▸ TASK DETAILS
Please retype the entries below word for word, passing over every picture.

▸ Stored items
· · · · ·

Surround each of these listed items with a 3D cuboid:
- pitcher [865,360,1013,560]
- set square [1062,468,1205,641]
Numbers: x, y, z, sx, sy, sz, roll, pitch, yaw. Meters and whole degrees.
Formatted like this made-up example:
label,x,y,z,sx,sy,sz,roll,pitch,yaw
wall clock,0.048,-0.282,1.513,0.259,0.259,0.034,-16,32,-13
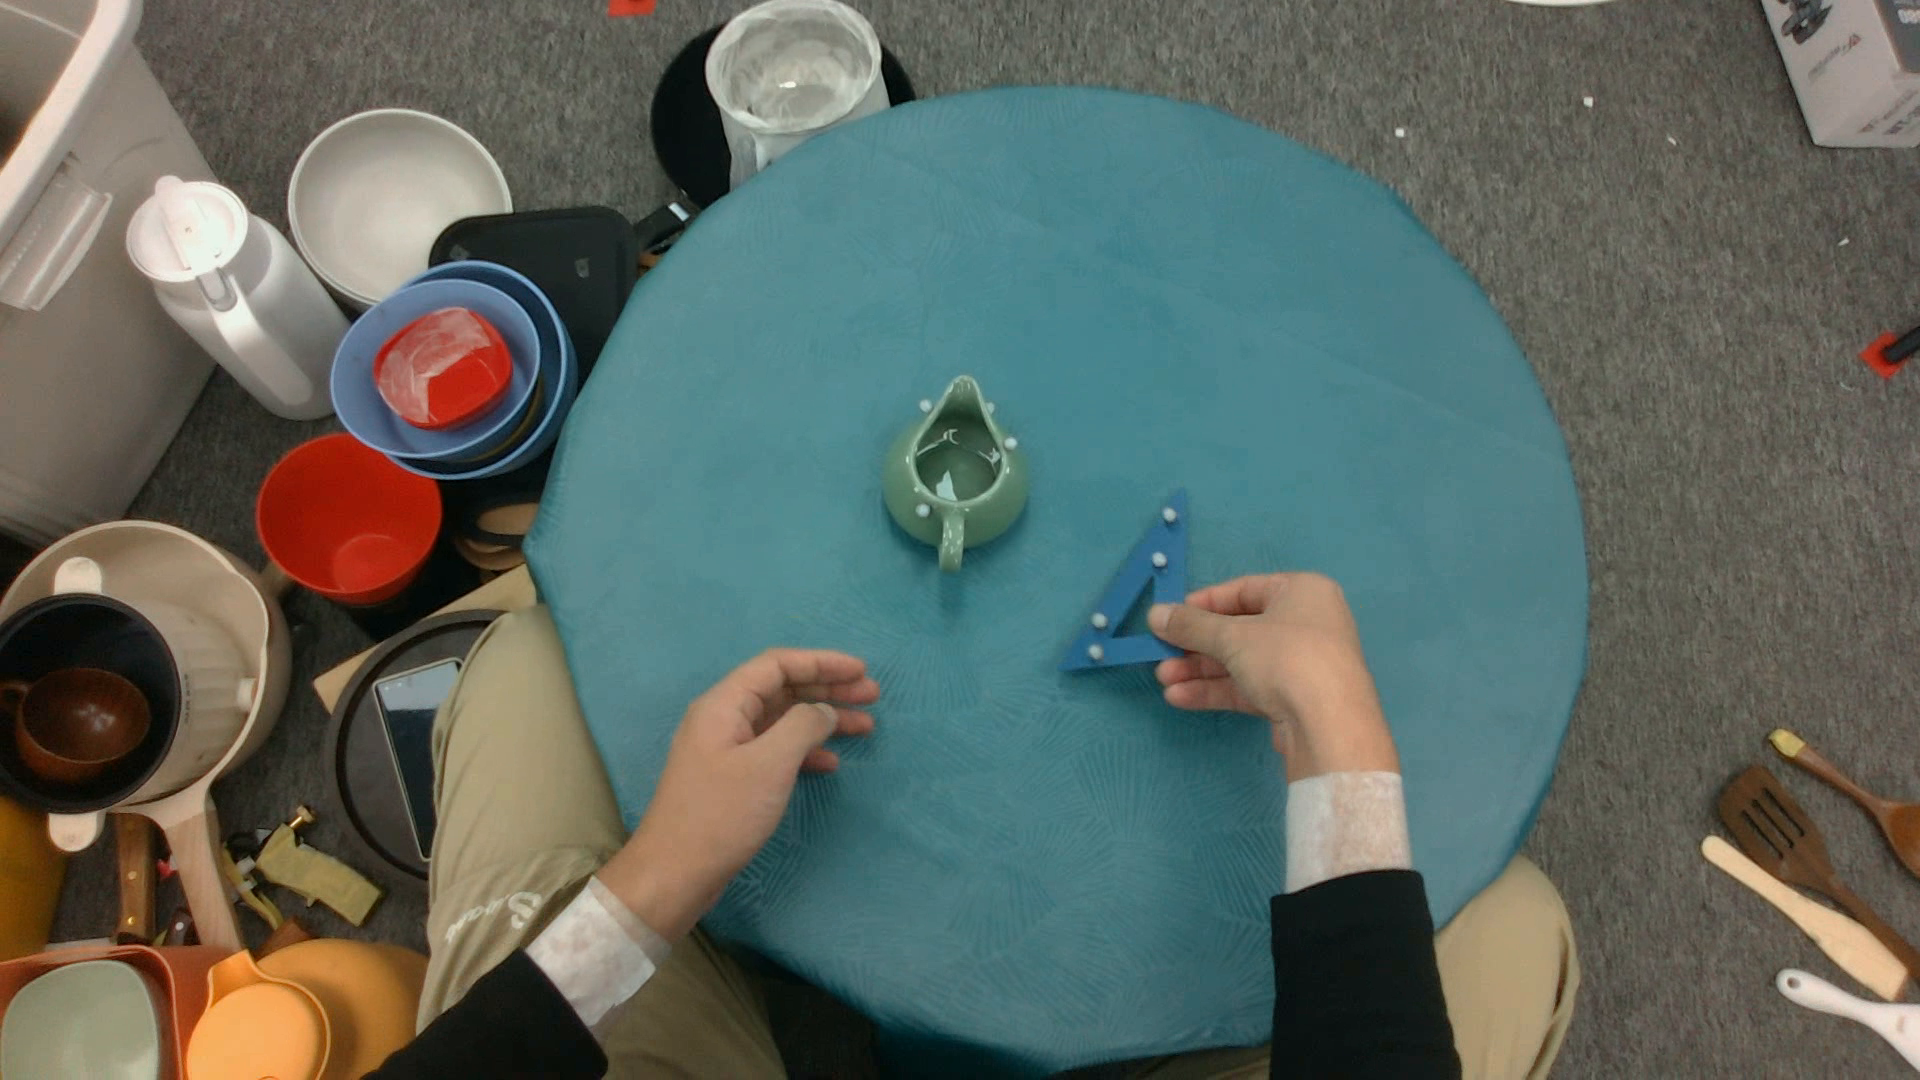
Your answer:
label,x,y,z,sx,sy,sz,roll,pitch,yaw
pitcher,-0.012,-0.039,0.770,0.084,0.056,0.113,2,71,-1
set square,0.114,0.014,0.759,0.061,0.006,0.132,25,67,35
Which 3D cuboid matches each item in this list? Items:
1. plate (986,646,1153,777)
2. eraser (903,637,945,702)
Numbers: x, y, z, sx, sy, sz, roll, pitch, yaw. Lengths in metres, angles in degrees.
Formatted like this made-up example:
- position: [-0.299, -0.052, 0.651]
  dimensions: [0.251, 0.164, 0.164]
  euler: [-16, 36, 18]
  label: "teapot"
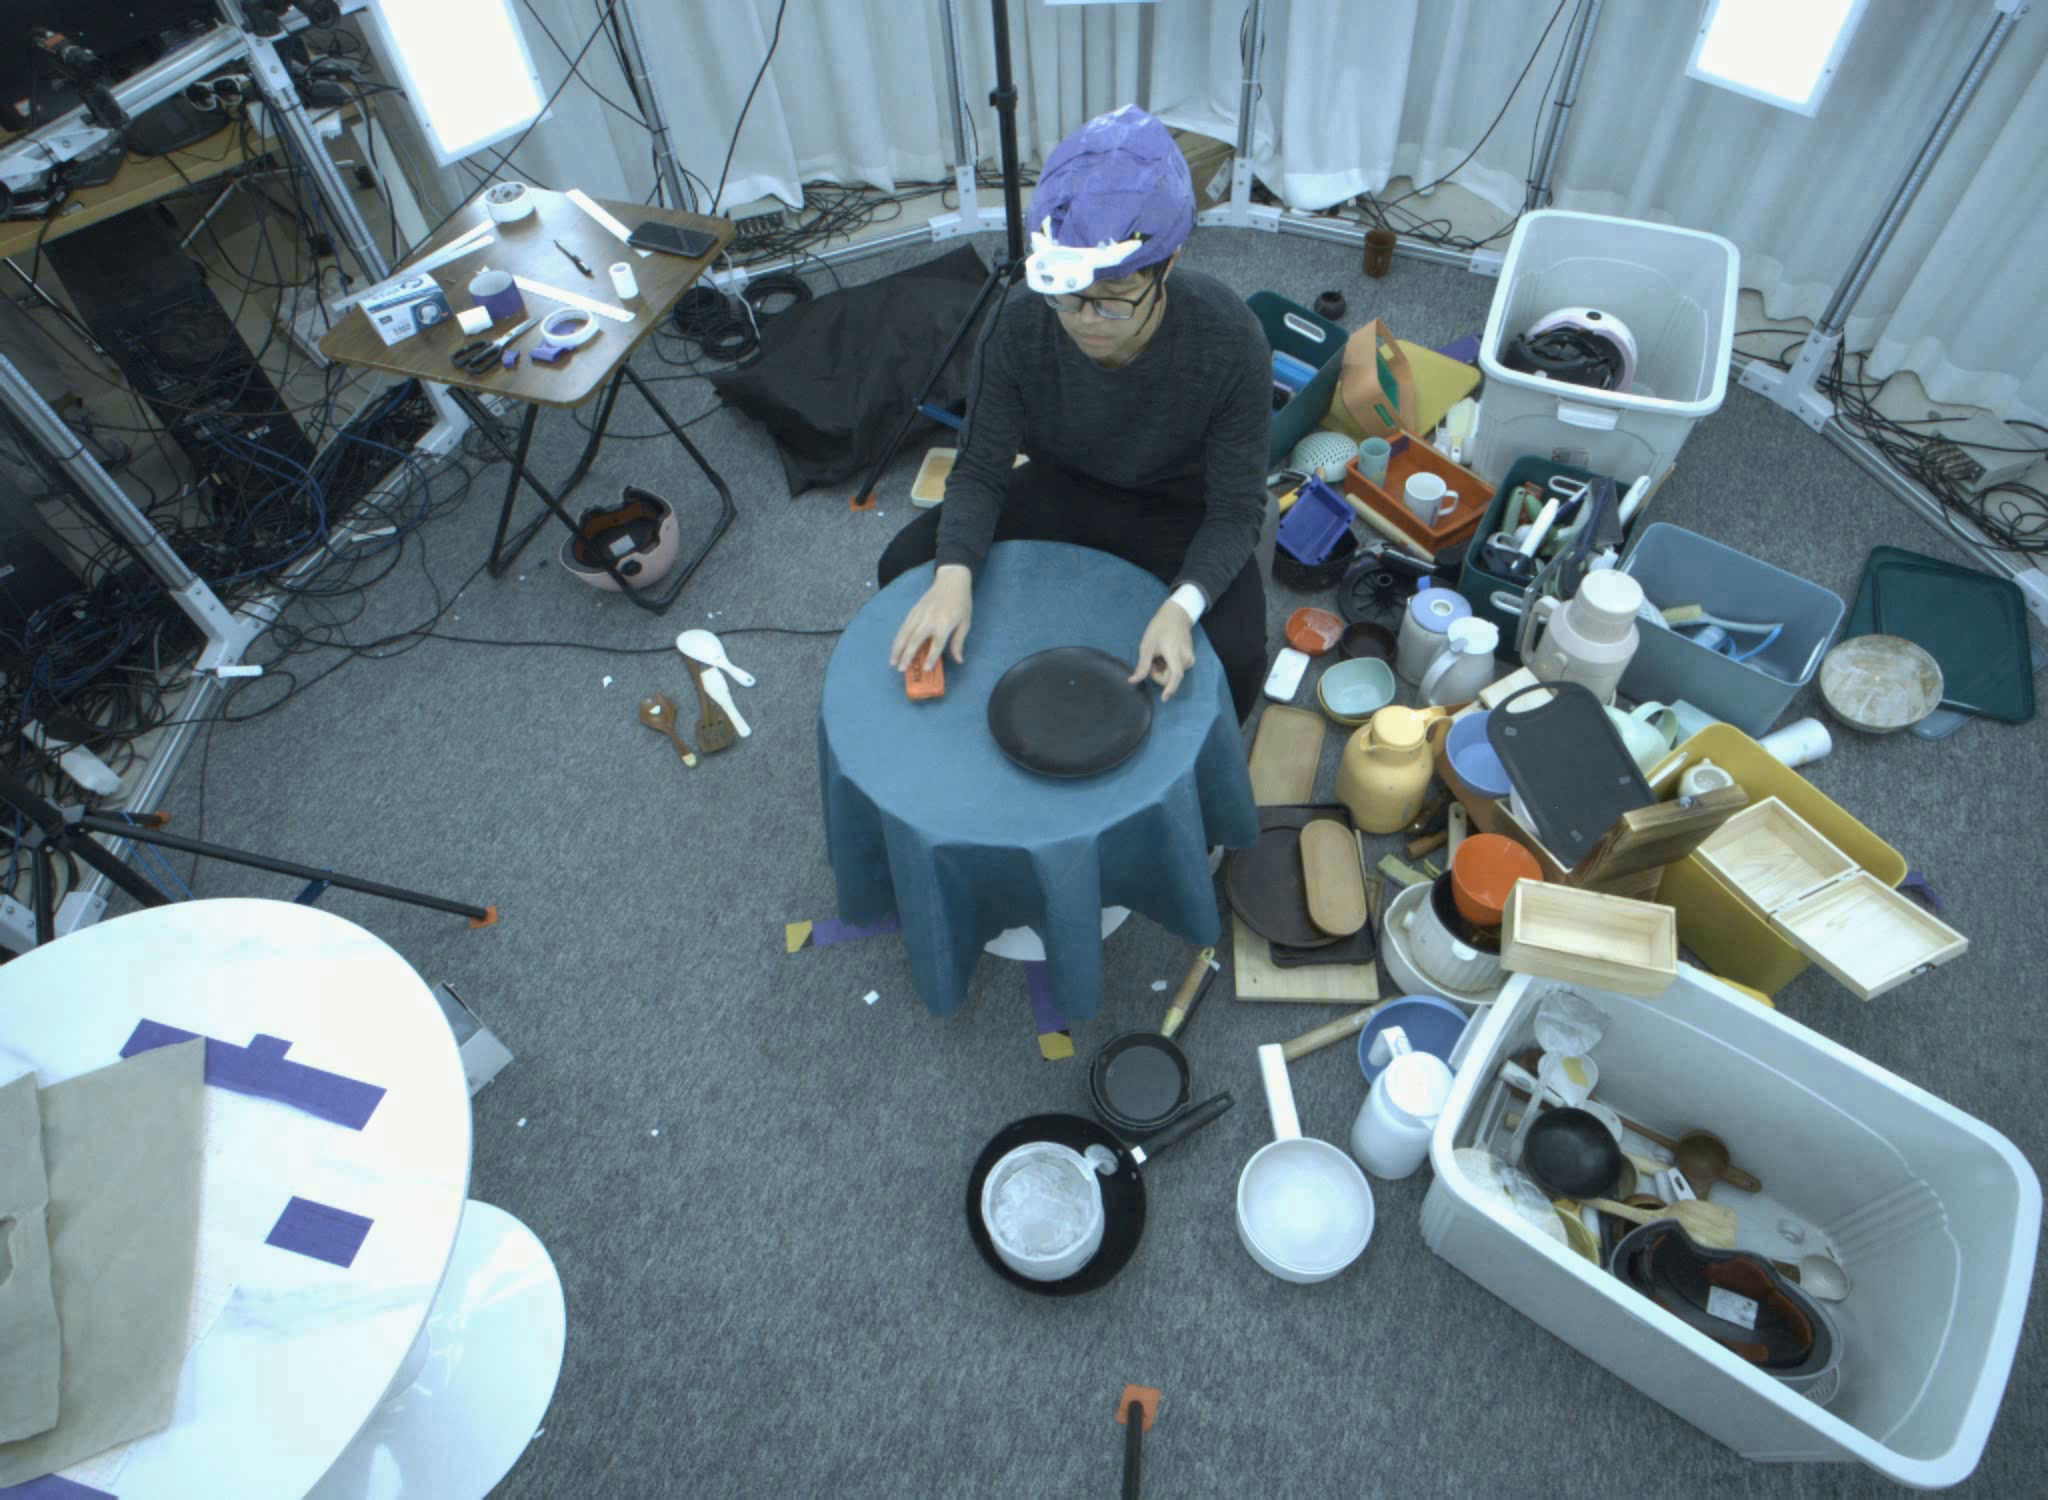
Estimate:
- position: [0.067, -0.055, 1.810]
  dimensions: [0.244, 0.024, 0.242]
  euler: [0, 55, 2]
  label: "plate"
- position: [-0.153, -0.123, 1.865]
  dimensions: [0.059, 0.023, 0.106]
  euler: [-6, 55, -3]
  label: "eraser"

· · · · ·

▸ RESPONSE AREA
Surround each of these listed items with a 3D cuboid:
- pitcher [865,360,1013,560]
- set square [1062,468,1205,641]
Numbers: x, y, z, sx, sy, sz, roll, pitch, yaw. Meters and whole degrees.
Formatted like this made-up example:
label,x,y,z,sx,sy,sz,roll,pitch,yaw
wall clock,0.048,-0.282,1.513,0.259,0.259,0.034,-16,32,-13
Your answer:
label,x,y,z,sx,sy,sz,roll,pitch,yaw
pitcher,-0.012,-0.039,0.770,0.084,0.056,0.113,2,71,-1
set square,0.114,0.014,0.759,0.061,0.006,0.132,25,67,35
Which 3D cuboid matches each item in this list? Items:
1. plate (986,646,1153,777)
2. eraser (903,637,945,702)
Numbers: x, y, z, sx, sy, sz, roll, pitch, yaw. Lengths in metres, angles in degrees.
Formatted like this made-up example:
- position: [-0.299, -0.052, 0.651]
  dimensions: [0.251, 0.164, 0.164]
  euler: [-16, 36, 18]
  label: "teapot"
Estimate:
- position: [0.067, -0.055, 1.810]
  dimensions: [0.244, 0.024, 0.242]
  euler: [0, 55, 2]
  label: "plate"
- position: [-0.153, -0.123, 1.865]
  dimensions: [0.059, 0.023, 0.106]
  euler: [-6, 55, -3]
  label: "eraser"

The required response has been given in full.